### PROBLEM STATEMENT
Restate every entry verbatim; drop the pictures.

### DATASET ENTRIES
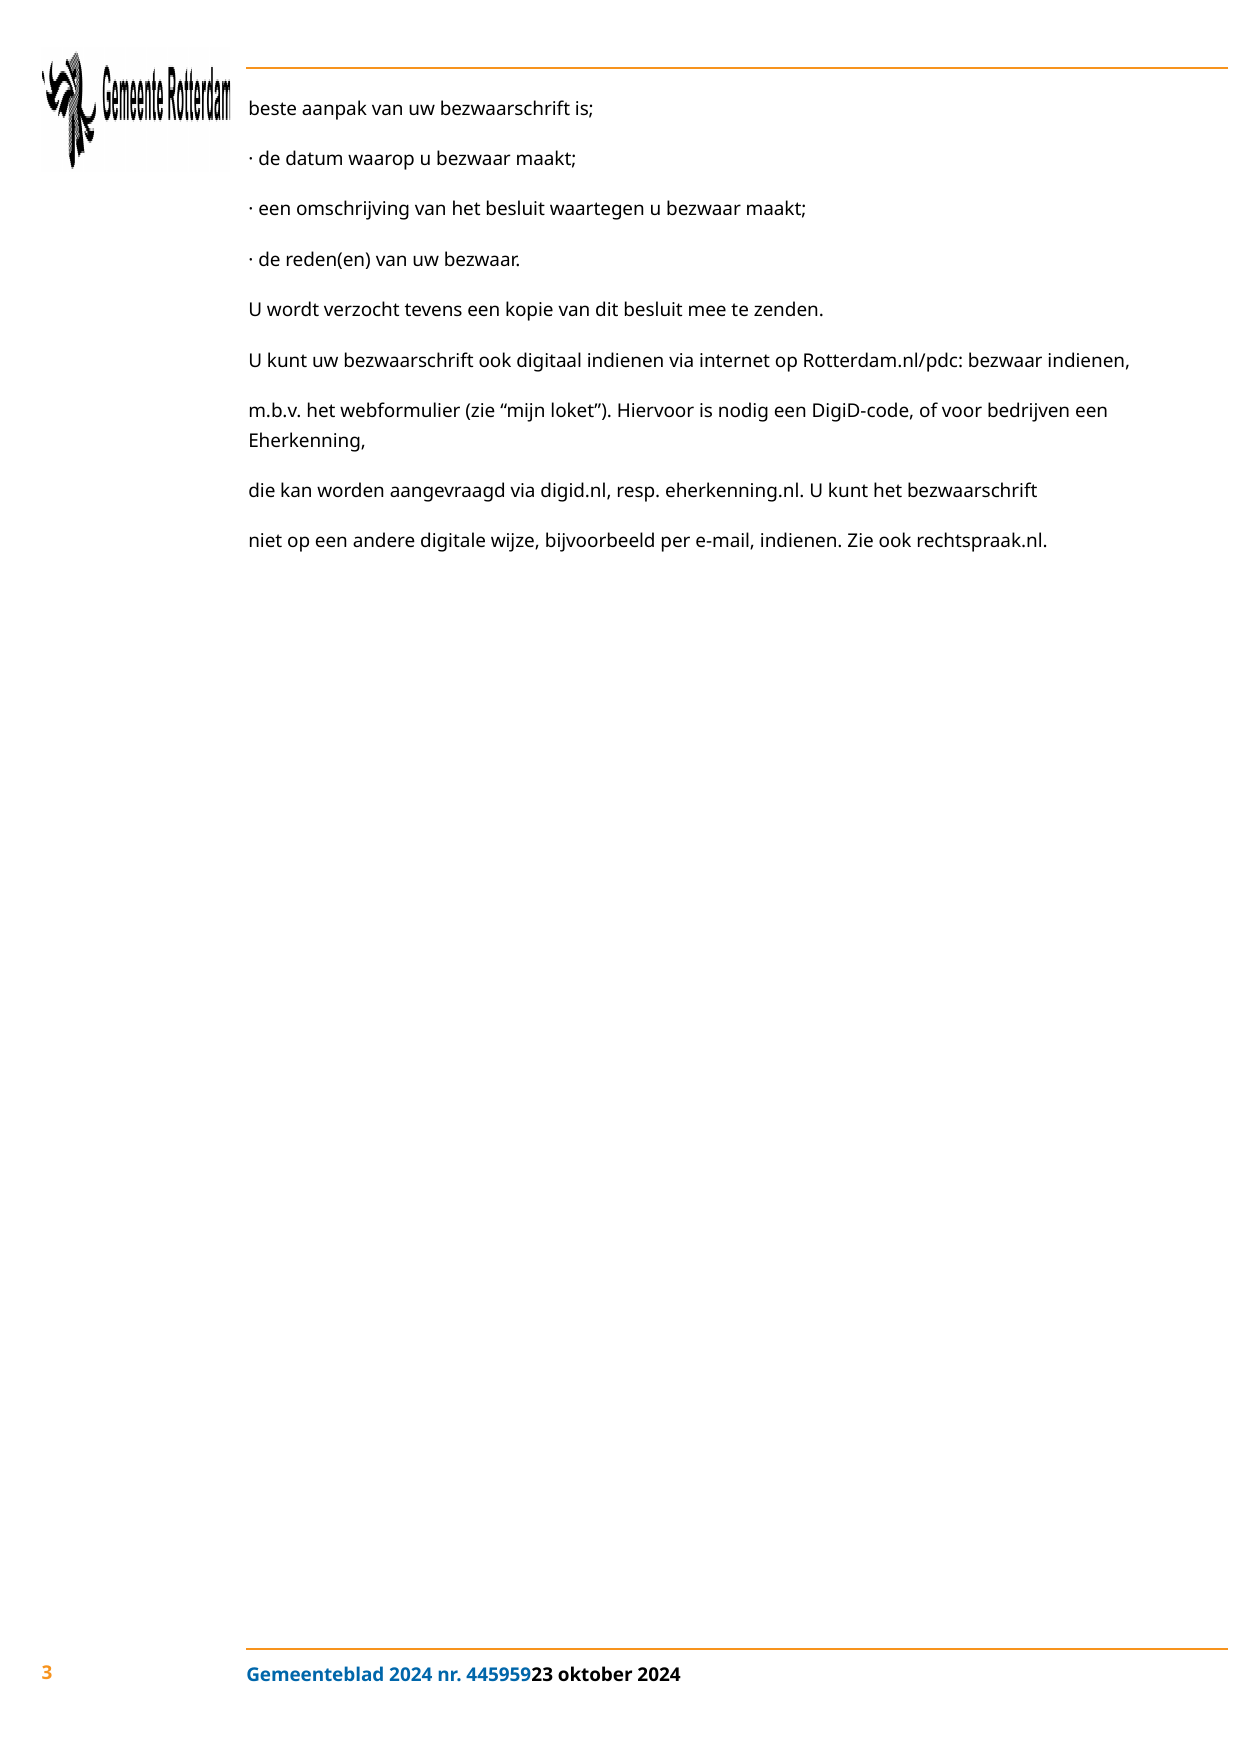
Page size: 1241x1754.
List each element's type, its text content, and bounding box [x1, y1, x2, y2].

text beste aanpak van uw bezwaarschrift is; [248, 95, 1152, 121]
text niet op een andere digitale wijze, bijvoorbeeld per e-mail, indienen. Zie ook rechtspraak.nl. [248, 528, 1152, 553]
text · een omschrijving van het besluit waartegen u bezwaar maakt; [248, 196, 1152, 221]
text · de datum waarop u bezwaar maakt; [248, 145, 1152, 171]
picture [41, 47, 231, 172]
text · de reden(en) van uw bezwaar. [248, 246, 1152, 272]
text m.b.v. het webformulier (zie “mijn loket”). Hiervoor is nodig een DigiD-code, of voor bedrijven een Eherkenning, [248, 397, 1152, 453]
text U kunt uw bezwaarschrift ook digitaal indienen via internet op Rotterdam.nl/pdc: bezwaar indienen, [248, 347, 1152, 373]
text U wordt verzocht tevens een kopie van dit besluit mee te zenden. [248, 296, 1152, 322]
text die kan worden aangevraagd via digid.nl, resp. eherkenning.nl. U kunt het bezwaarschrift [248, 477, 1152, 503]

### RESPONSE TO THIS EXERCISE
Page size: 1241x1754.
List each element's type, its text content, and bounding box [x1, y1, x2, y2].

text beste aanpak van uw bezwaarschrift is; [248, 95, 1152, 121]
text niet op een andere digitale wijze, bijvoorbeeld per e-mail, indienen. Zie ook rechtspraak.nl. [248, 528, 1152, 553]
text · een omschrijving van het besluit waartegen u bezwaar maakt; [248, 196, 1152, 221]
text · de datum waarop u bezwaar maakt; [248, 145, 1152, 171]
picture [41, 47, 231, 172]
text · de reden(en) van uw bezwaar. [248, 246, 1152, 272]
text m.b.v. het webformulier (zie “mijn loket”). Hiervoor is nodig een DigiD-code, of voor bedrijven een Eherkenning, [248, 397, 1152, 453]
text U kunt uw bezwaarschrift ook digitaal indienen via internet op Rotterdam.nl/pdc: bezwaar indienen, [248, 347, 1152, 373]
text U wordt verzocht tevens een kopie van dit besluit mee te zenden. [248, 296, 1152, 322]
text die kan worden aangevraagd via digid.nl, resp. eherkenning.nl. U kunt het bezwaarschrift [248, 477, 1152, 503]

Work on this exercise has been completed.